While there’s no silver bullet here, there are a few best practices which make it easier to regain control over a domain under the control of a wayward (or simply unreachable) ex-employee. Those are:

  • Make sure the company name and address is listed as the Registrant, along with the name of an officer who is most likely to remain with the company. The tech savvy employee can be listed as administrator, to facilitate management of the domain without jeopardizing ownership.
  • Corporate web assets should be held in an account which is in the company’s name and paid for with a company credit card, and should be kept separate from other business or personal websites and domains.
  • Have an agreement in place making it clear that, upon termination of employment for any reason the domain name registrant and admin are to be changed to an officer of the company’s choosing. Ideally, this should be in a standalone agreement so you can provide it to the registrar without divulging hiring or salary information.
  • Make sure renewal notices and the like go to a generic e-mail address, ideally one which is monitored by more than one person, so that termination or resignation of an employee doesn’t result in a lapsed registration (although there are downsides to this as well).

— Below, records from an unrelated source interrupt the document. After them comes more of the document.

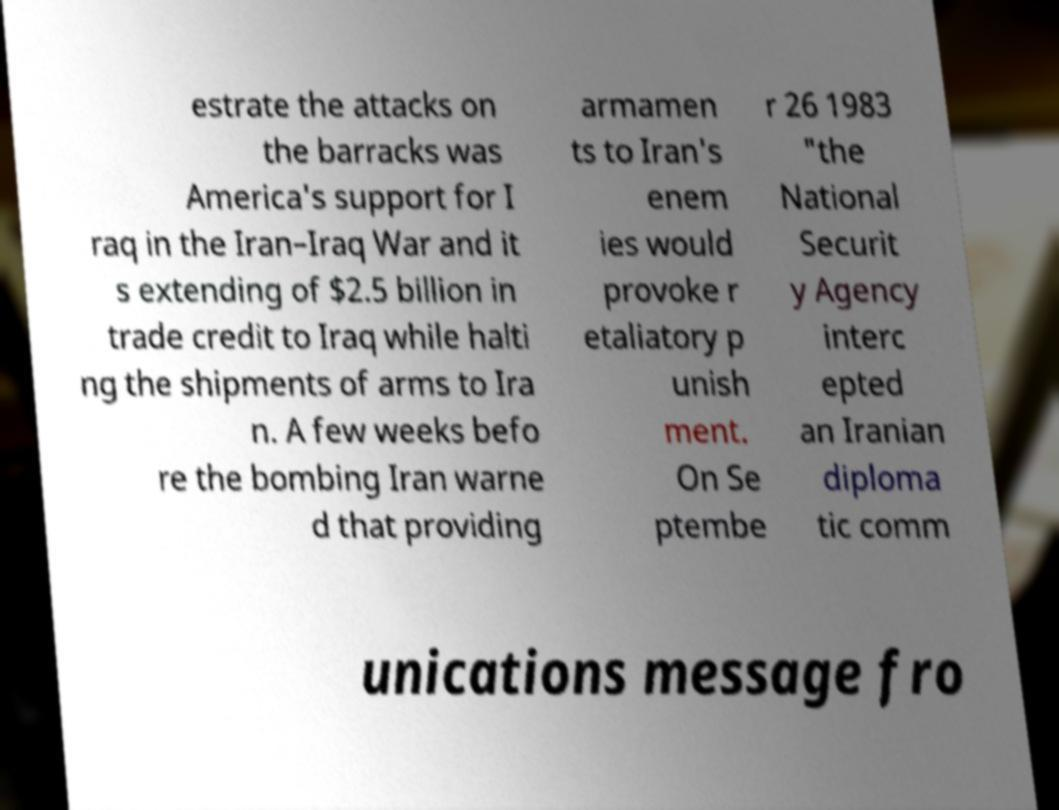Please identify and transcribe the text found in this image. estrate the attacks on the barracks was America's support for I raq in the Iran–Iraq War and it s extending of $2.5 billion in trade credit to Iraq while halti ng the shipments of arms to Ira n. A few weeks befo re the bombing Iran warne d that providing armamen ts to Iran's enem ies would provoke r etaliatory p unish ment. On Se ptembe r 26 1983 "the National Securit y Agency interc epted an Iranian diploma tic comm unications message fro 
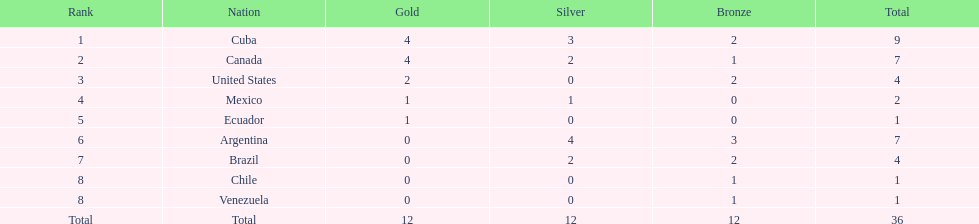How many total medals were there all together? 36. 
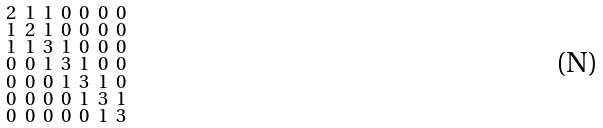Convert formula to latex. <formula><loc_0><loc_0><loc_500><loc_500>\begin{smallmatrix} 2 & 1 & 1 & 0 & 0 & 0 & 0 \\ 1 & 2 & 1 & 0 & 0 & 0 & 0 \\ 1 & 1 & 3 & 1 & 0 & 0 & 0 \\ 0 & 0 & 1 & 3 & 1 & 0 & 0 \\ 0 & 0 & 0 & 1 & 3 & 1 & 0 \\ 0 & 0 & 0 & 0 & 1 & 3 & 1 \\ 0 & 0 & 0 & 0 & 0 & 1 & 3 \end{smallmatrix}</formula> 
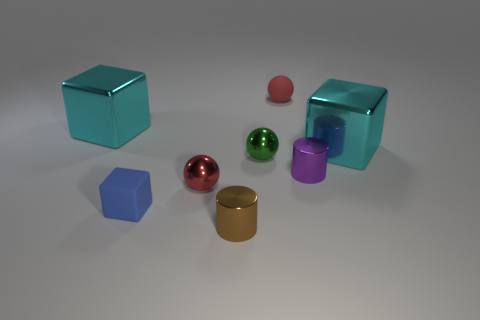Add 1 tiny matte things. How many objects exist? 9 Subtract all cubes. How many objects are left? 5 Add 1 red matte objects. How many red matte objects are left? 2 Add 6 tiny yellow balls. How many tiny yellow balls exist? 6 Subtract 0 gray cylinders. How many objects are left? 8 Subtract all tiny rubber blocks. Subtract all big things. How many objects are left? 5 
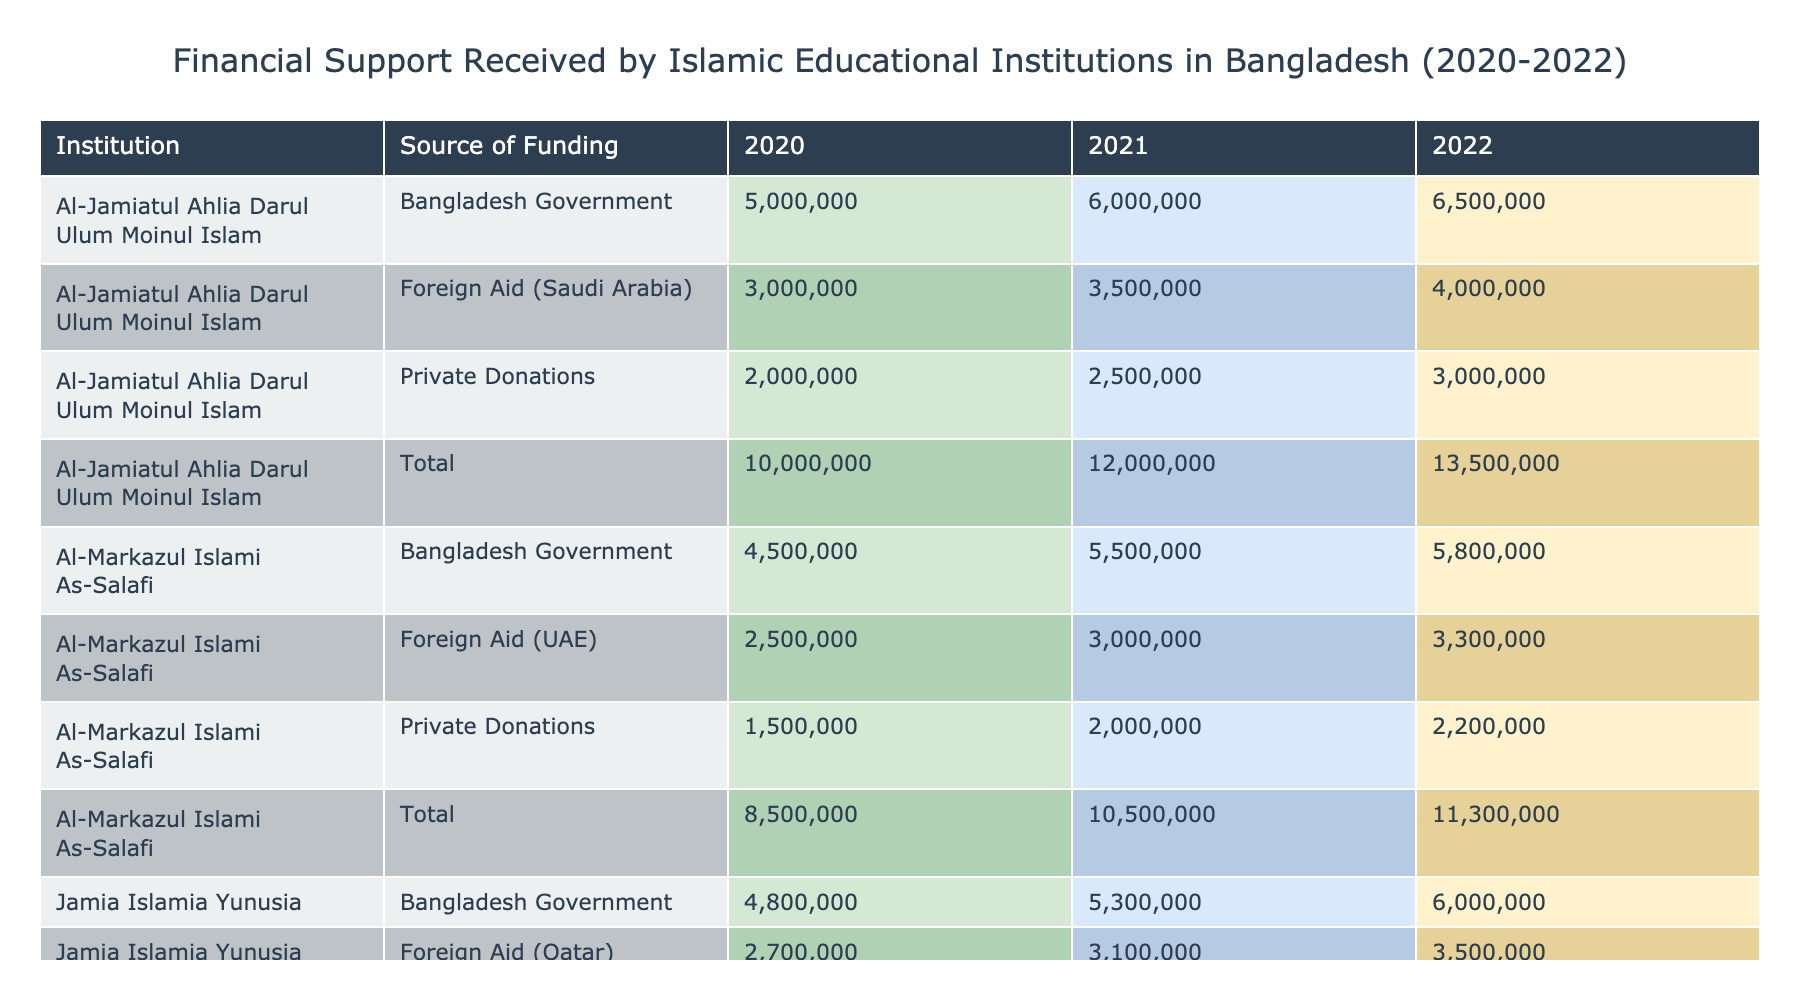What was the total financial support received by Al-Jamiatul Ahlia Darul Ulum Moinul Islam in 2021? The table shows that in 2021, Al-Jamiatul Ahlia Darul Ulum Moinul Islam received three amounts: 6,000,000 BDT from the Bangladesh Government, 2,500,000 BDT from Private Donations, and 3,500,000 BDT from Foreign Aid (Saudi Arabia). To find the total, we sum these amounts: 6,000,000 + 2,500,000 + 3,500,000 = 12,000,000 BDT.
Answer: 12,000,000 BDT In which year did Jamia Islamia Yunusia receive the most funding? By examining the table, we can see the funding amounts for Jamia Islamia Yunusia across all three years: 4,800,000 BDT in 2020, 5,300,000 BDT in 2021, and 6,000,000 BDT in 2022. The highest amount is 6,000,000 BDT, which was received in 2022.
Answer: 2022 Was the total funding received from Foreign Aid (UAE) by Al-Markazul Islami As-Salafi more than the total funding from Private Donations in 2020? In 2020, Al-Markazul Islami As-Salafi received 2,500,000 BDT from Foreign Aid (UAE) and 1,500,000 BDT from Private Donations. To determine if the Foreign Aid total is more than the Private Donations total, we compare these amounts. 2,500,000 BDT > 1,500,000 BDT is true.
Answer: Yes What is the average amount of funding received by all institutions in 2022? To find the average, we need to sum the amounts received in 2022: Al-Jamiatul Ahlia: 6,500,000 + 3,000,000 + 4,000,000; Al-Markazul Islami: 5,800,000 + 2,200,000 + 3,300,000; Jamia Islamia: 6,000,000 + 2,600,000 + 3,500,000. The sums are 13,500,000 BDT for Al-Jamiatul, 11,300,000 BDT for Al-Markazul, and 12,100,000 BDT for Jamia Islamia, which totals 36,900,000 BDT. Dividing this sum by 3 institutions gives an average of 12,300,000 BDT.
Answer: 12,300,000 BDT Did any institution receive more than 2,500,000 BDT from Private Donations in 2021? The table shows the amounts from Private Donations in 2021: Al-Jamiatul Ahlia Darul Ulum Moinul Islam received 2,500,000 BDT, Al-Markazul Islami As-Salafi received 2,000,000 BDT, and Jamia Islamia Yunusia received 2,100,000 BDT. None of these amounts exceed 2,500,000 BDT.
Answer: No 
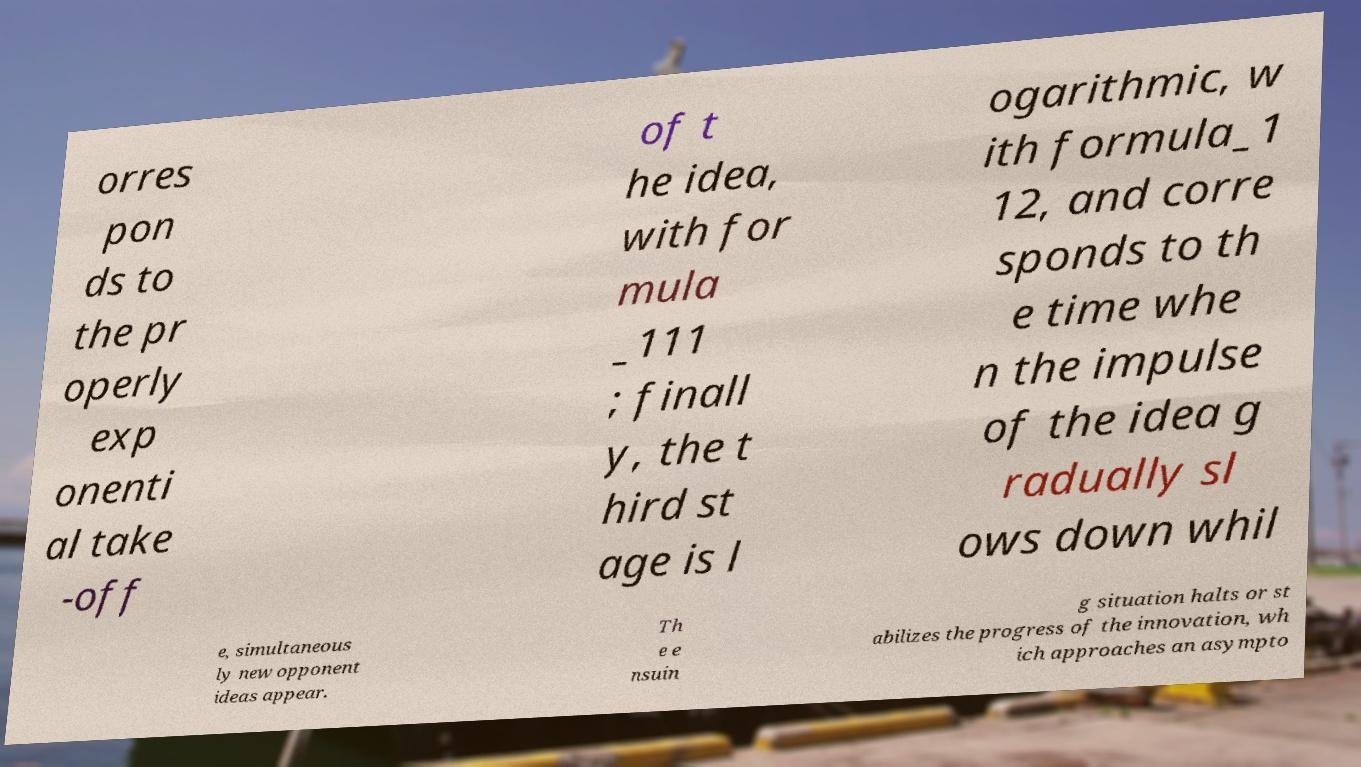I need the written content from this picture converted into text. Can you do that? orres pon ds to the pr operly exp onenti al take -off of t he idea, with for mula _111 ; finall y, the t hird st age is l ogarithmic, w ith formula_1 12, and corre sponds to th e time whe n the impulse of the idea g radually sl ows down whil e, simultaneous ly new opponent ideas appear. Th e e nsuin g situation halts or st abilizes the progress of the innovation, wh ich approaches an asympto

  • Make sure someone other than the admin knows the password to the account (but be judicious, you also don’t want the password becoming generally known). For particularly active accounts, you may want to request a regular update confirming the password and listing all domain names along with expirations dates for the corporate account.
  • Make sure all domains are registrar locked against transfer and deletion

The above isn’t foolproof, since a knowledgeable or well-placed employee can manage to retain control no matter what the circumstances, and given that registrars differ in how they handle requests relating to domain name ownership. Also, be aware that some of the above suggestions may have downsides as well, so consider what’s best for your organization when determine who has access to accounts and how.